§ **EXERCISE OBJECTIVE**:
Exactly repeat all the records below, omitting the images they hold.

Segment Open

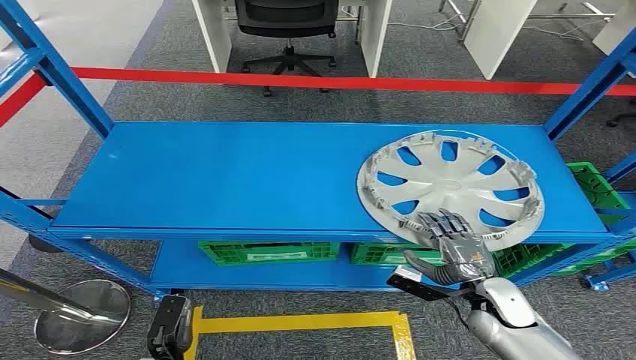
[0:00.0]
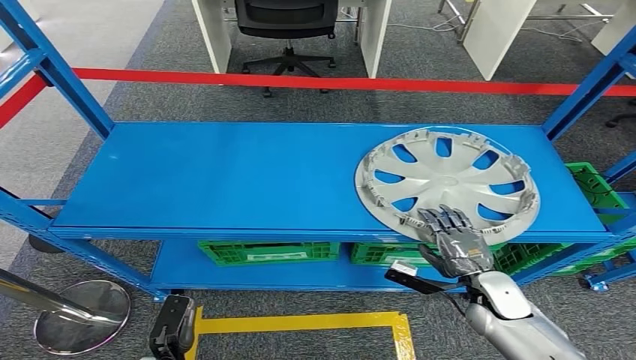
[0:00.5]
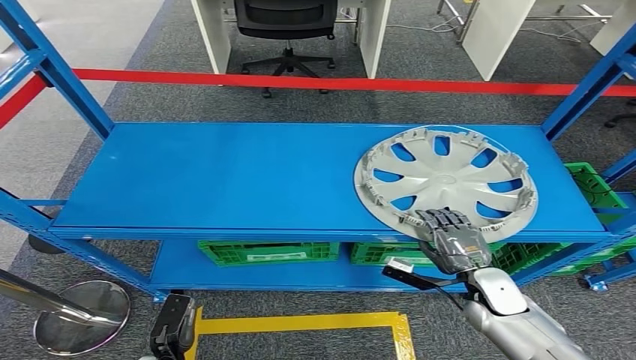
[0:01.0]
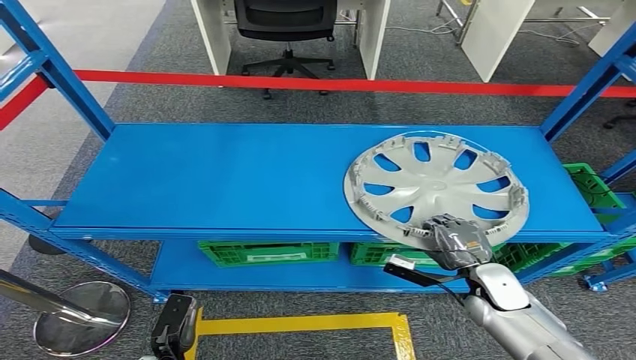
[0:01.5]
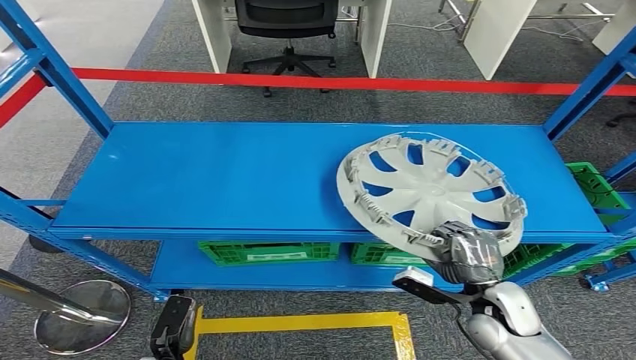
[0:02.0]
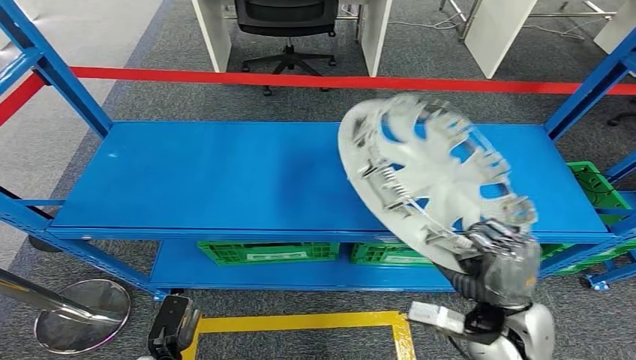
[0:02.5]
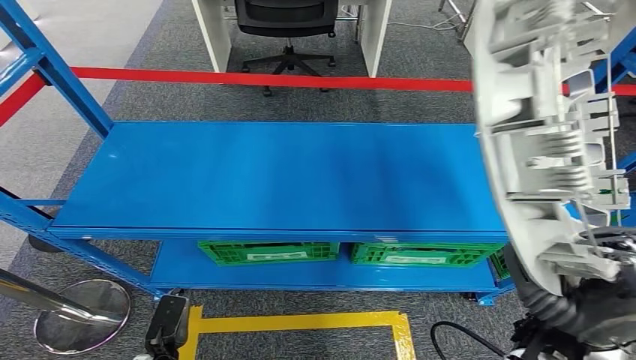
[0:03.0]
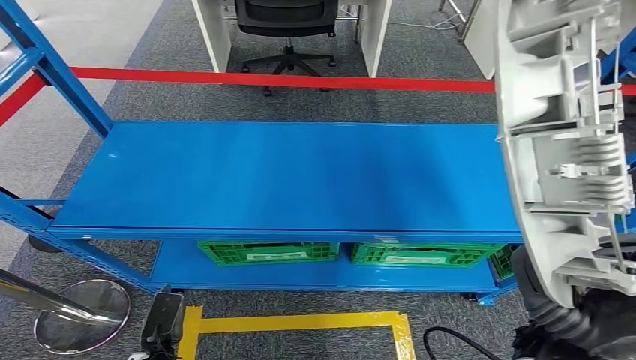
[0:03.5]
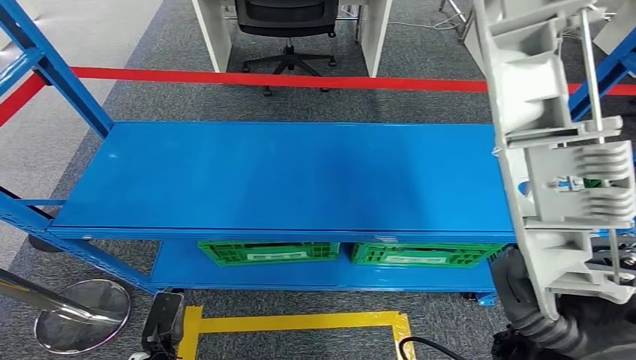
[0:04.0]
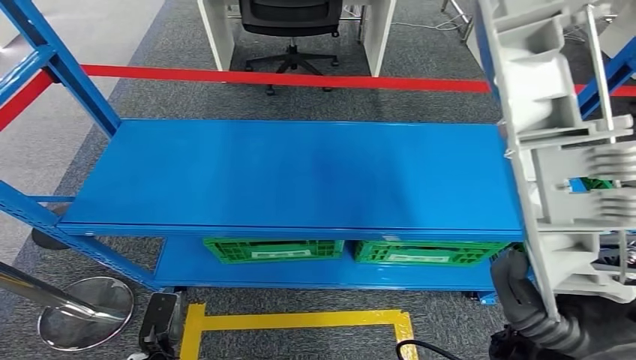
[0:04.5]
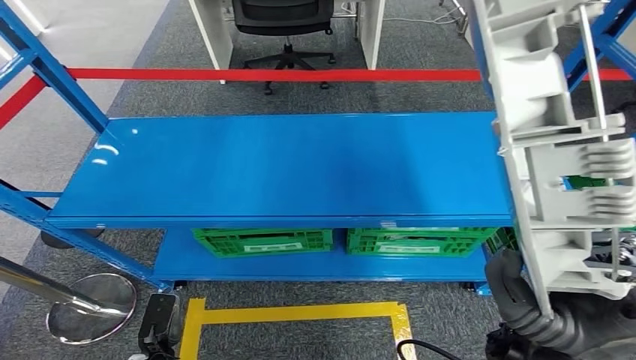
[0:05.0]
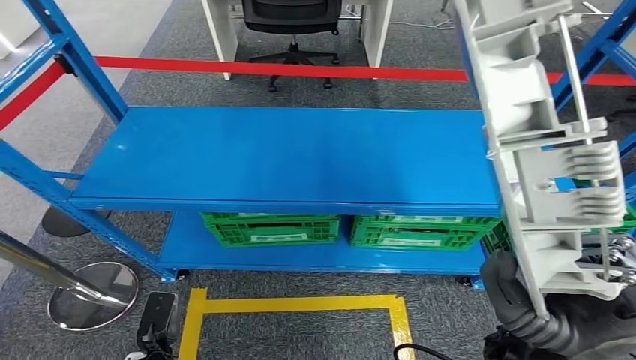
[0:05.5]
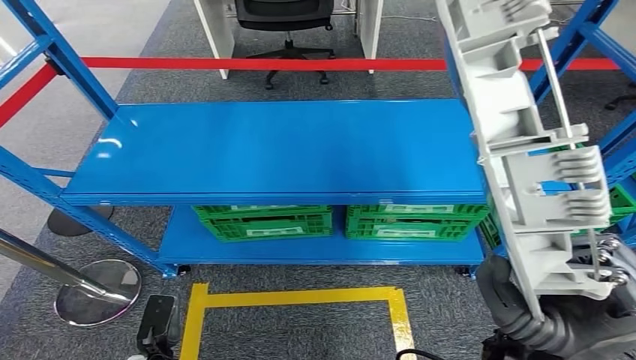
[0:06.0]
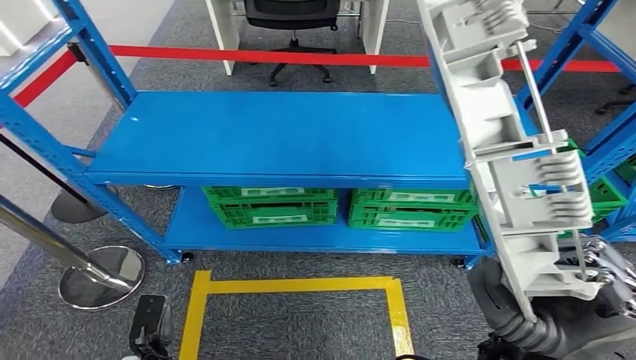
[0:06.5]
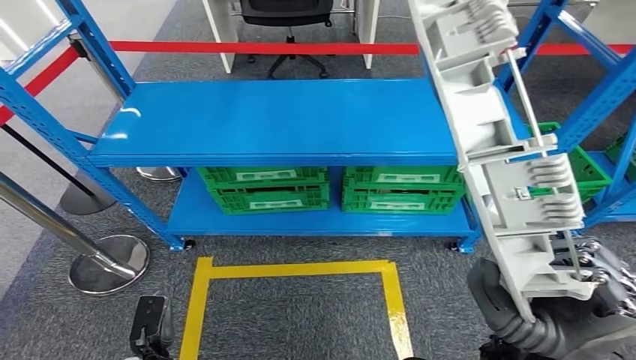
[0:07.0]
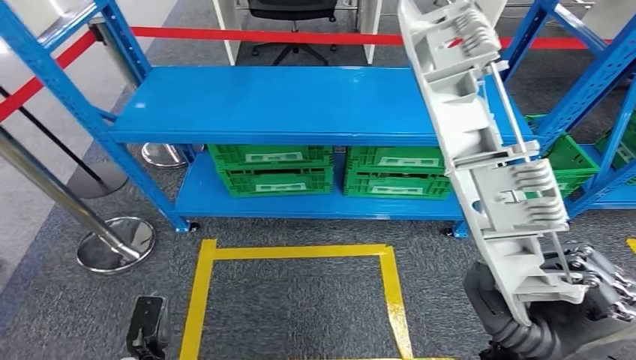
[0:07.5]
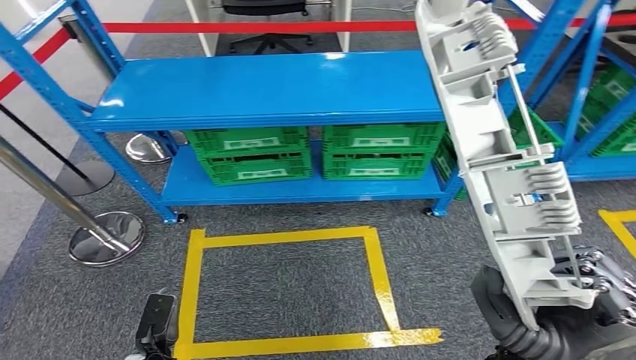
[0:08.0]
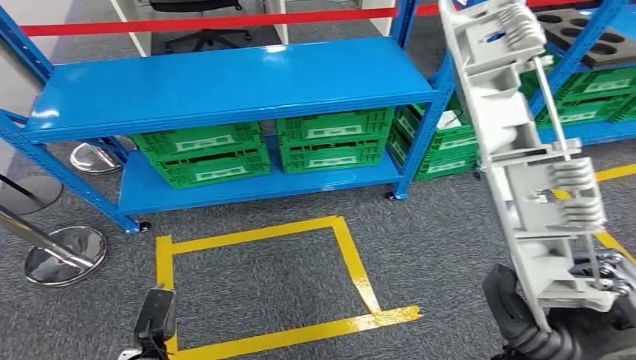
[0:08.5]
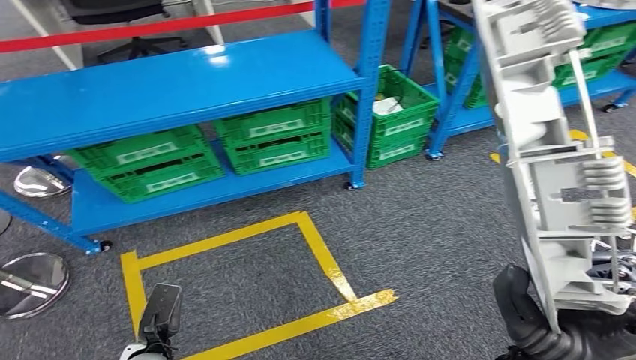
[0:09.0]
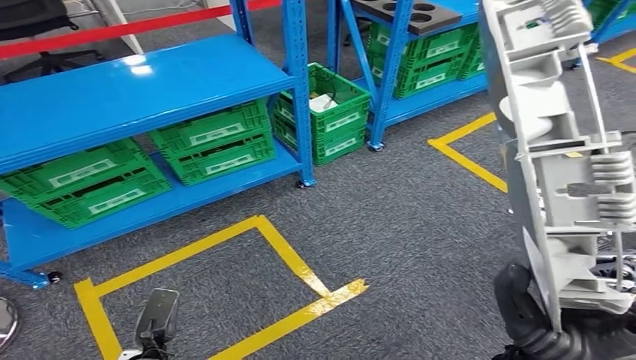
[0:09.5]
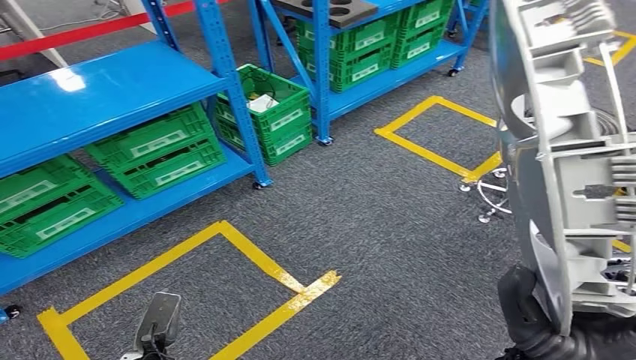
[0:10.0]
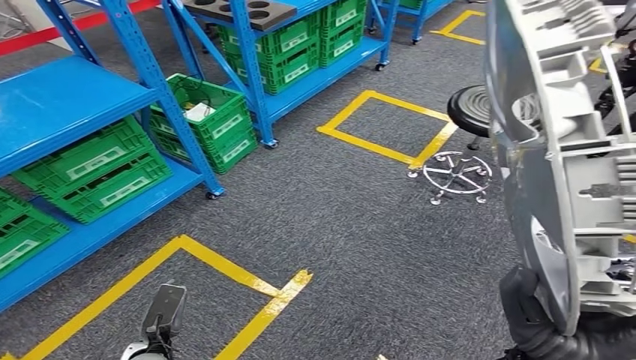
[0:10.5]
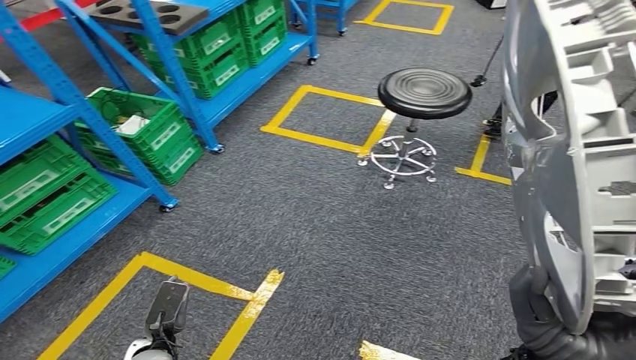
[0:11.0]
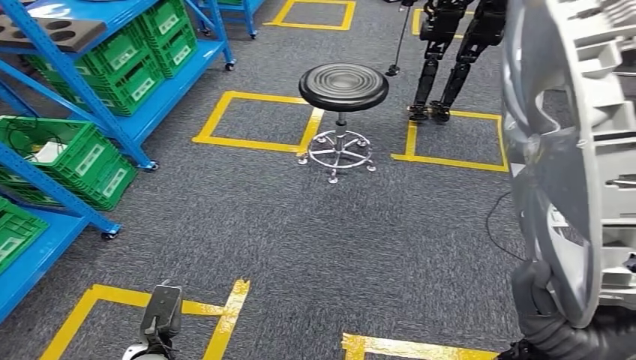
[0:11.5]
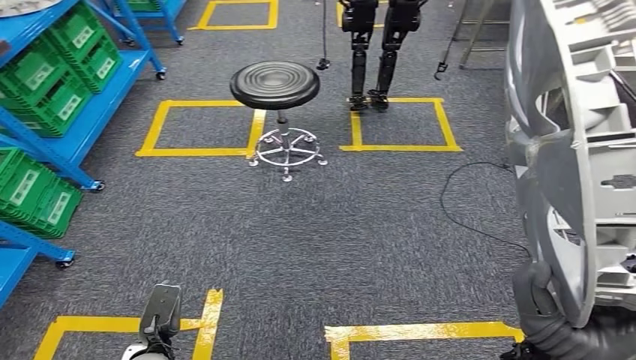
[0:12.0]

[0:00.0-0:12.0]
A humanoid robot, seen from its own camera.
Step, 0:00.0 to 0:02.5: Pick up the small component from the shelf.

Segment Closed

§ **THE COMPLETED TASK**:
[0:00.0]
[0:00.5]
[0:01.0]
[0:01.5]
[0:02.0]
[0:02.5]
[0:03.0]
[0:03.5]
[0:04.0]
[0:04.5]
[0:05.0]
[0:05.5]
[0:06.0]
[0:06.5]
[0:07.0]
[0:07.5]
[0:08.0]
[0:08.5]
[0:09.0]
[0:09.5]
[0:10.0]
[0:10.5]
[0:11.0]
[0:11.5]
[0:12.0]

[0:00.0-0:12.0]
A humanoid robot, seen from its own camera.
Step, 0:00.0 to 0:02.5: Pick up the small component from the shelf.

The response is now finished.